In order for Mr. Rael to state a claim in federal court, his "complaint must explain what each defendant did to him or her; when the defendant did it; how the defendant's action harmed him or her; and, what specific legal right the plaintiff believes the defendant violated." Nasious v. Two Unknown B.I.C.E. Agents, 492 F.3d 1158, 1163 (10th Cir. 2007).
Mr. Rael must also assert personal participation by each named defendant. See Bennett v. Passic, 545 F.2d 1260, 1262-63 (10th Cir. 1976). To establish personal participation, Mr. Rael must name and show how the named defendants caused a deprivation of his federal rights. See Kentucky v. Graham, 473 U.S. 159, 166 (1985). There must be an affirmative link between the alleged constitutional violation and each defendant's participation, control or direction, or failure to supervise. See Butler v. City of Norman, 992 F.2d 1053, 1055 (10th Cir. 1993). A defendant may not be held liable on a theory of respondeat superior merely because of his or her supervisory position. See Pembaur v. City of Cincinnati, 475 U.S. 469, 479 (1986); McKee v. Heggy, 703 F.2d 479, 483 (10th Cir. 1983). A supervisor is only liable for constitutional violations that he or she causes. See Dodds v. Richardson, 614 F.3d 1185, 1211 (10th Cir. 2010).
Mr. Rael may use fictitious names, such as "John or Jane Doe," if he does not know the real names of the individuals who allegedly violated his rights. However, if Mr. Rael uses fictitious names he must provide sufficient information about each defendant so that he or she can be identified for purposes of service.
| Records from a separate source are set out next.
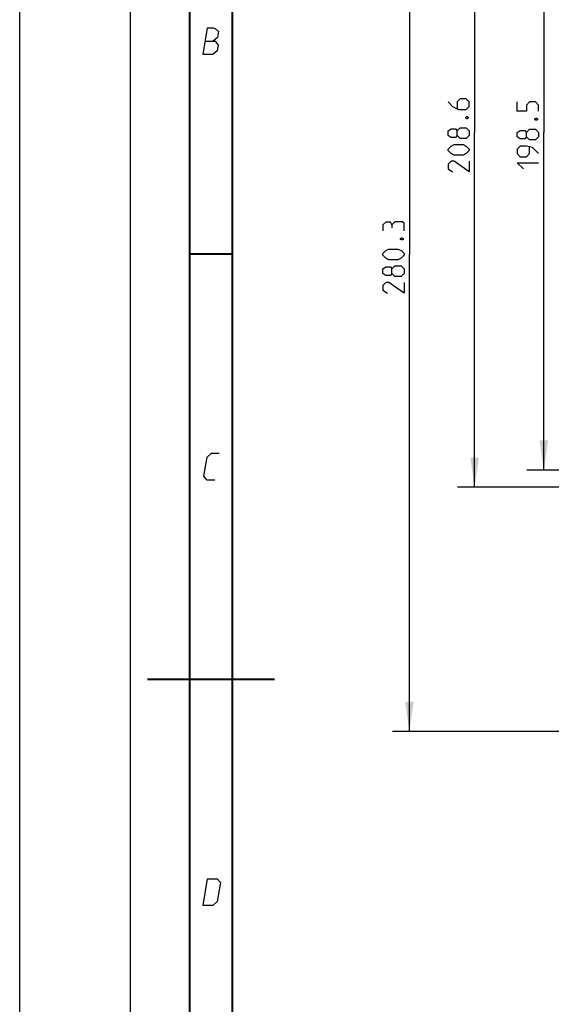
# Model space of a CAD drawing. Header units: millimetres. Extents: x 0 to 420, y 0 to 297.
# Tile 4 of 50: x 0 to 63, y 110 to 226. Entities that reach past the tile are written whole.
import ezdxf

# ---------------------------------------------------------------- set-up
doc = ezdxf.new("R2010")
doc.units = ezdxf.units.MM
doc.header["$LTSCALE"] = 23.1
doc.layers.get('0').update_dxf_attribs({"linetype": 'CONTINUOUS'})
doc.layers.add('DIM_PILOTEES', color=7, linetype='CONTINUOUS')
doc.styles.get("Standard").update_dxf_attribs({"font": 'txt', "width": 0.7})
doc.dimstyles.new('DIMSTYLE_1', dxfattribs={"dimtxt": 2.5, "dimasz": 3.5, "dimexe": 2, "dimexo": 0, "dimtad": 1, "dimlfac": 2.5, "dimdsep": 46, "dimtxsty": 'Standard', "dimblk": '_FILLED', "dimblk1": '_FILLED', "dimblk2": '_FILLED', "dimcen": 0.09, "dimazin": 2, "dimtp": 0.5, "dimtm": 0.5, "dimtfac": 1, "dimtofl": 0, "dimtmove": 0, "dimatfit": 3, "dimldrblk": '_FILLED', "dimfxl": 0, "dimtolj": 1, "dimarcsym": 0})
doc.dimstyles.new('DIMSTYLE_2', dxfattribs={"dimtxt": 2.5, "dimasz": 3.5, "dimexe": 2, "dimexo": 0, "dimtad": 1, "dimdec": 1, "dimlfac": 2.5, "dimdsep": 46, "dimtxsty": 'Standard', "dimblk": '_FILLED', "dimblk1": '_FILLED', "dimblk2": '_FILLED', "dimcen": 0.09, "dimazin": 2, "dimtp": 0.5, "dimtm": 0.5, "dimtfac": 1, "dimtdec": 1, "dimtofl": 0, "dimtmove": 0, "dimatfit": 3, "dimldrblk": '_FILLED', "dimfxl": 0, "dimtolj": 1, "dimarcsym": 0})

# ---------------------------------------------------------------- blocks, each defined once
blk = doc.blocks.new('_FILLED')
at = {"color": 0, "linetype": 'ByBlock'}
blk.add_solid([(0, 0), (-1, 0.143), (-1, -0.143)], dxfattribs=at)
blk = doc.blocks.new('*D2')
at = {"layer": 'DIM_PILOTEES', "color": 2, "linetype": 'Continuous'}
for p, q in [((87.11, 254.51), (51.5, 254.51)), ((53.5, 254.51), (53.5, 212.79)), ((53.5, 171.07), (53.5, 212.79)), ((87.11, 171.07), (51.5, 171.07))]:
    blk.add_line(p, q, dxfattribs=at)
at = {"layer": 'DIM_PILOTEES', "color": 2, "linetype": 'Continuous', "xscale": 3.5, "yscale": 3.5, "zscale": 3.5}
for p, rotation in [((53.5, 254.51), 90), ((53.5, 171.07), 270)]:
    blk.add_blockref('_FILLED', p, dxfattribs=dict(at, rotation=rotation))
at = {"layer": 'DIM_PILOTEES', "color": 2, "linetype": 'Continuous', "insert": (50.37, 212.79), "char_height": 2.5, "width": 13.9286, "attachment_point": 2, "rotation": 90, "line_spacing_factor": 0.9}
blk.add_mtext('{\\ftxt;\\W0.0001;\\H0.0001;\\~}{\\ftxt;\\W3.7142857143;\\H2.5; }{\\ftxt;\\W0.0001;\\H0.0001;\\~}', dxfattribs=at)
blk = doc.blocks.new('*D3')
at = {"layer": 'DIM_PILOTEES', "color": 2, "linetype": 'Continuous'}
for p, q in [((87.11, 254.51), (43.83, 254.51)), ((45.83, 254.51), (45.83, 198.45)), ((45.83, 142.39), (45.83, 198.45)), ((77.05, 142.39), (43.83, 142.39))]:
    blk.add_line(p, q, dxfattribs=at)
at = {"layer": 'DIM_PILOTEES', "color": 2, "linetype": 'Continuous', "xscale": 3.5, "yscale": 3.5, "zscale": 3.5}
for p, rotation in [((45.83, 254.51), 90), ((45.83, 142.39), 270)]:
    blk.add_blockref('_FILLED', p, dxfattribs=dict(at, rotation=rotation))
at = {"layer": 'DIM_PILOTEES', "color": 2, "linetype": 'Continuous', "insert": (42.7, 198.45), "char_height": 2.5, "width": 13.6607, "attachment_point": 2, "rotation": 90, "line_spacing_factor": 0.9}
blk.add_mtext('{\\ftxt;\\W0.0001;\\H0.0001;\\~}{\\ftxt;\\W3.6428571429;\\H2.5; }{\\ftxt;\\W0.0001;\\H0.0001;\\~}', dxfattribs=at)
blk = doc.blocks.new('*D7')
at = {"layer": 'DIM_PILOTEES', "color": 2, "linetype": 'Continuous'}
for p, q in [((93.17, 252.5), (59.64, 252.5)), ((61.64, 252.5), (61.64, 212.79)), ((61.64, 173.08), (61.64, 212.79)), ((93.17, 173.08), (59.64, 173.08))]:
    blk.add_line(p, q, dxfattribs=at)
at = {"layer": 'DIM_PILOTEES', "color": 2, "linetype": 'Continuous', "xscale": 3.5, "yscale": 3.5, "zscale": 3.5}
for p, rotation in [((61.64, 252.5), 90), ((61.64, 173.08), 270)]:
    blk.add_blockref('_FILLED', p, dxfattribs=dict(at, rotation=rotation))
at = {"layer": 'DIM_PILOTEES', "color": 2, "linetype": 'Continuous', "insert": (58.52, 212.79), "char_height": 2.5, "width": 12.8571, "attachment_point": 2, "rotation": 90, "line_spacing_factor": 0.9}
blk.add_mtext('{\\ftxt;\\W0.0001;\\H0.0001;\\~}{\\ftxt;\\W3.4285714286;\\H2.5; }{\\ftxt;\\W0.0001;\\H0.0001;\\~}', dxfattribs=at)

msp = doc.modelspace()

# ---------------------------------------------------------------- linework, layer by layer
at = {"color": 7, "linetype": 'Continuous'}
msp.add_line((0, 0), (0, 297), dxfattribs=at)
at = {"color": 2, "linetype": 'Continuous'}
for p, q in [((13, 292), (13, 5)), ((20, 292), (20, 5))]:
    msp.add_line(p, q, dxfattribs=at)
at = {"color": 7, "linetype": 'Continuous', "const_width": 0.25}
for points in [[(20, 292), (20, 5)], [(25, 10), (25, 287)], [(20.0002, 198.4999), (25.0002, 198.4999)], [(30, 148.5), (15, 148.5)]]:
    msp.add_lwpolyline(points, dxfattribs=at)
at = {"color": 2, "linetype": 'Continuous'}
for points in [[(21.5894, 221.9249), (22.1037, 225.0749), (22.7787, 225.0749), (22.9914, 224.9999), (23.3802, 224.6249), (23.27, 223.9499), (22.7465, 223.4999)], [(21.8465, 223.4999), (22.9715, 223.4999), (23.3481, 223.0499), (23.2379, 222.3749), (22.7144, 221.9249), (21.5894, 221.9249)], [(22.9394, 171.9249), (22.0394, 171.9249), (21.6629, 172.3749), (22.0302, 174.6249), (22.5537, 175.0749), (23.4537, 175.0749)], [(21.5894, 121.9249), (22.1037, 125.0749), (23.2287, 125.0749), (23.6052, 124.6249), (23.2379, 122.3749), (22.7144, 121.9249), (21.5894, 121.9249)]]:
    msp.add_lwpolyline(points, dxfattribs=at)
at = {"layer": 'DIM_PILOTEES', "color": 2, "linetype": 'Continuous'}
for points in [[(50.3713, 216.3597), (50.9071, 215.824), (51.6213, 215.4668), (52.5142, 215.4668), (52.8713, 215.824), (52.8713, 216.3597), (52.5142, 216.7168), (51.7999, 216.7168), (51.4428, 216.3597), (51.4428, 215.5859)], [(61.015, 215.2883), (61.015, 216.0025), (60.6579, 216.3597), (59.9436, 216.3597), (59.5864, 216.0025), (59.5864, 215.2883), (58.515, 215.2883), (58.515, 216.3597)], [(52.4547, 214.574), (52.5737, 214.6335), (52.6332, 214.6335), (52.7523, 214.574), (52.7523, 214.4549), (52.6332, 214.3954), (52.5737, 214.3954), (52.4547, 214.4549), (52.4547, 214.574)], [(60.5983, 214.3954), (60.7174, 214.4549), (60.7769, 214.4549), (60.896, 214.3954), (60.896, 214.2763), (60.7769, 214.2168), (60.7174, 214.2168), (60.5983, 214.2763), (60.5983, 214.3954)], [(51.4428, 212.4311), (51.2642, 212.193), (50.7285, 212.193), (50.3713, 212.4311), (50.3713, 212.9668), (50.7285, 213.2049), (51.2642, 213.2049), (51.4428, 212.9668), (51.7999, 213.324), (52.5142, 213.324), (52.8713, 212.9668), (52.8713, 212.4311), (52.5142, 212.074)], [(52.5142, 212.074), (51.7999, 212.074), (51.4428, 212.4311), (51.4428, 212.9668)], [(59.5864, 212.2525), (59.4079, 212.0144), (58.8721, 212.0144), (58.515, 212.2525), (58.515, 212.7882), (58.8721, 213.0263), (59.4079, 213.0263), (59.5864, 212.7882), (59.9436, 213.1454), (60.6579, 213.1454), (61.015, 212.7882), (61.015, 212.2525), (60.6579, 211.8954)], [(60.6579, 211.8954), (59.9436, 211.8954), (59.5864, 212.2525), (59.5864, 212.7882)], [(52.1571, 210.1097), (51.0856, 210.1097), (50.7285, 210.2882), (50.3713, 210.6454), (50.3713, 210.824), (50.7285, 211.1811), (51.0856, 211.3597), (52.1571, 211.3597), (52.5142, 211.1811), (52.8713, 210.824), (52.8713, 210.6454), (52.5142, 210.2882), (52.1571, 210.1097)], [(61.015, 210.2882), (60.3007, 211.0025), (59.5864, 211.1811), (58.8721, 211.1811), (58.515, 210.824), (58.515, 210.2882), (58.8721, 209.9311), (59.5864, 209.9311), (59.9436, 210.2882), (59.9436, 211.0621)], [(52.8713, 209.3954), (52.8713, 208.1454), (51.0856, 209.3954), (50.7285, 209.3954), (50.3713, 209.0382), (50.3713, 208.5025), (50.9071, 208.1454)], [(59.2293, 208.5025), (58.515, 209.2168), (61.015, 209.2168)], [(43.7746, 201.9304), (43.5961, 202.228), (43.0604, 202.228), (42.7032, 201.9304), (42.7032, 201.2161)], [(45.2032, 201.2161), (45.2032, 202.109), (45.0246, 202.2875), (44.1318, 202.2875), (43.7746, 201.9304), (43.7746, 201.5732)], [(44.7865, 200.3232), (44.9056, 200.3828), (44.9651, 200.3828), (45.0842, 200.3232), (45.0842, 200.2042), (44.9651, 200.1447), (44.9056, 200.1447), (44.7865, 200.2042), (44.7865, 200.3232)], [(44.4889, 197.8232), (43.4175, 197.8232), (43.0604, 198.0018), (42.7032, 198.359), (42.7032, 198.5375), (43.0604, 198.8947), (43.4175, 199.0732), (44.4889, 199.0732), (44.8461, 198.8947), (45.2032, 198.5375), (45.2032, 198.359), (44.8461, 198.0018), (44.4889, 197.8232)], [(43.7746, 196.2161), (43.5961, 195.978), (43.0604, 195.978), (42.7032, 196.2161), (42.7032, 196.7518), (43.0604, 196.9899), (43.5961, 196.9899), (43.7746, 196.7518), (44.1318, 197.109), (44.8461, 197.109), (45.2032, 196.7518), (45.2032, 196.2161), (44.8461, 195.8589)], [(44.8461, 195.8589), (44.1318, 195.8589), (43.7746, 196.2161), (43.7746, 196.7518)], [(45.2032, 195.1447), (45.2032, 193.8947), (43.4175, 195.1447), (43.0604, 195.1447), (42.7032, 194.7875), (42.7032, 194.2518), (43.2389, 193.8947)]]:
    msp.add_lwpolyline(points, dxfattribs=at)

# ---------------------------------------------------------------- dimensions: what is measured, and where the dimension line sits
for base, p1, p2, angle, text, dimstyle, picture, middle in [((45.8282, 254.5082), (77.049, 142.3882), (87.1059, 254.5082), 90, '{\\ftxt;\\W0.0001;\\H0.0001;\\~}{\\ftxt;\\W3.6428571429;\\H2.5; }{\\ftxt;\\W0.0001;\\H0.0001;\\~}', 'DIMSTYLE_1', '*D3', (45.8282, 198.0911)), ((53.4963, 254.5082), (87.1059, 171.0682), (87.1059, 254.5082), 90, '{\\ftxt;\\W0.0001;\\H0.0001;\\~}{\\ftxt;\\W3.7142857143;\\H2.5; }{\\ftxt;\\W0.0001;\\H0.0001;\\~}', 'DIMSTYLE_1', '*D2', (53.4963, 212.4311)), ((61.64, 173.0795), (93.169, 252.497), (93.169, 173.0795), 270, '{\\ftxt;\\W0.0001;\\H0.0001;\\~}{\\ftxt;\\W3.4285714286;\\H2.5; }{\\ftxt;\\W0.0001;\\H0.0001;\\~}', 'DIMSTYLE_2', '*D7', (61.64, 212.4311))]:
    dim = msp.add_linear_dim(base=base, p1=p1, p2=p2, angle=angle, text=text, dimstyle=dimstyle, dxfattribs=at)
    dim.commit()
    dim.dimension.update_dxf_attribs({"geometry": picture, "text_midpoint": middle, "dimtype": 160})

doc.saveas('drawing.dxf')

Mr. Rael, therefore, will be directed to file an amended complaint on the Court-approved complaint form that is legible to read, asserts his claims clearly and concisely, alleges what rights were violated, and provides specific facts demonstrating how each named defendant personally participated in the asserted constitutional violations.
Accordingly, it is
ORDERED that Plaintiff, Ignacio Ray Rael, file within thirty days from the date of this order an amended complaint that complies with the directives of this order. It is
FURTHER ORDERED that Mr. Rael shall obtain the Court-approved Prisoner Complaint form (with the assistance of his case manager or the facility's legal assistant), along with the applicable instructions, at www.cod.uscourts.gov. It is
FURTHER ORDERED that, if Mr. Rael fails to file an amended complaint that complies with this order to the Court's satisfaction within the time allowed, the Court will dismiss the complaint and the action. It is
DATED at Denver, Colorado, this 10th day of August, 2012.